I finally understand why: it mixes technical problem solving (really a certain kind of programming), which I enjoy, with the demands of artistry. On the one hand, the successful web designer must be fluent in the sometimes complex technical languages that make web design happen: HTML, CSS, XML, Javascript, and so on. I'm fairly proficient in the first two, and just dangling my toes in the water of the latter two. (Frankly, I find Javascript pretty grimy.)

At the same time, a good web designer has to have an eye for layout, understand relationships between elements, have some degree of skill in manipulating images, and be able to put typography to good use. As my wife (and, for that matter, friends from high school) can attest, I love fonts. I sometimes pick them off of signs driving down the road. I am certainly weaker in this area than in the "coding" aspect of web design, but I enjoy it as much or more. Recently, I have found myself studying web sites, admiring the good ones and critiquing the less good ones.

Even more amusingly, I find myself looking at designs and pondering how I could improve them, what I would do to make them compelling and useable.

Over the last three days, I have done a good deal more tweaking to Pillar's back end, yielding a fairly significant change in the front end appearance (go take a look). Along the way, I've puzzled out how to accomplish a number of tasks with Blogger's backend that, in my search across the web in the past have generally been considered difficult or impossible. I have also helped my sister with the site for the bike she works at, Ascent Cycling—I made different header images appear in different pages.

(Never let anyone tell you that Wordpress is more powerful or more customizable than Blogger. It's just easier to customize under certain conditions. I have used both quite a bit, and they both have their pluses and minuses.)

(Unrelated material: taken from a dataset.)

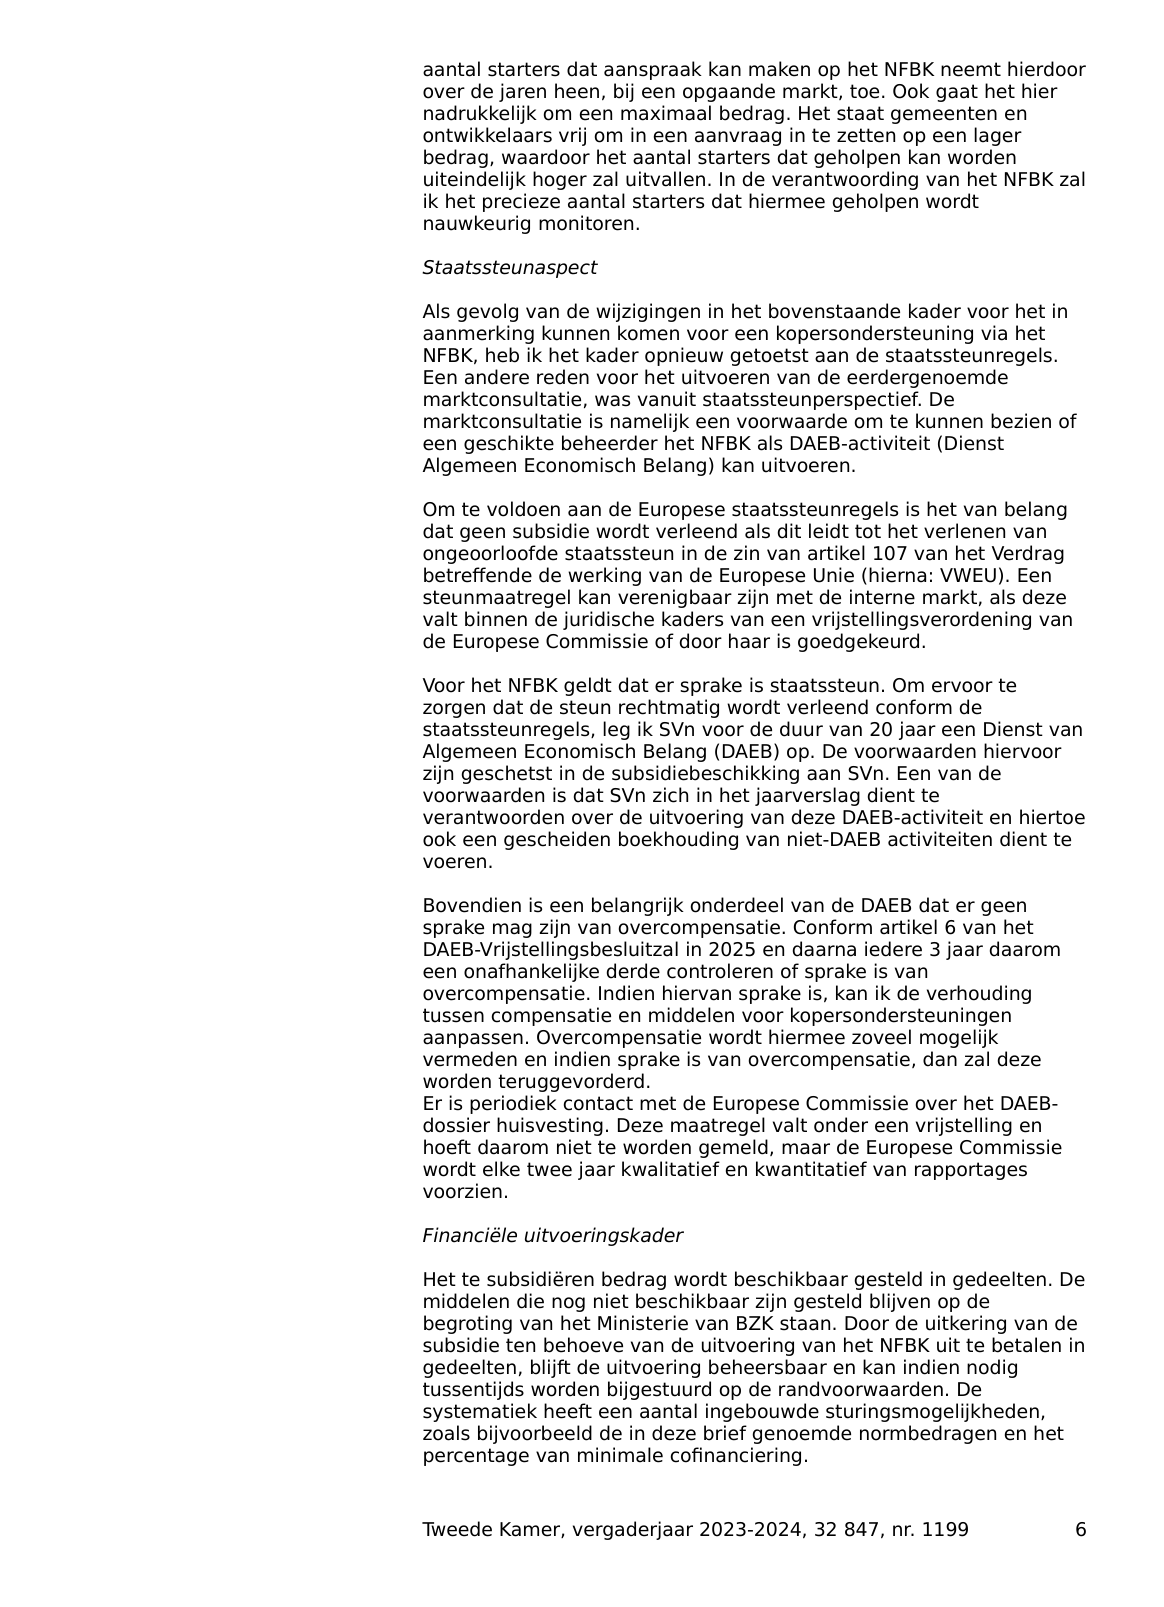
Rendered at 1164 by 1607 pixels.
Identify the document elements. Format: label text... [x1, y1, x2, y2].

Because I spent a fair amount of mental energy on these puzzles, and because the answers to them, near as I can tell, do not appear anywhere else on the internet, I will be posting a few of them in the next week so that I can help others (just as plenty of other bloggers have helped me along the way). These will be more like reference pages than my normal content, so apologies to my normal readers, but I know the pages will be helpful to others in the future. (Those of you who enjoy messing with blogger may find it interesting!)

[If you're wondering about that essay I mentioned last Saturday, it's about a third done. The content is substantial and it's requiring significantly more time than I expected. That combined with the aforementioned web design efforts has led to a short delay in its publication. Worry not: it is still coming.]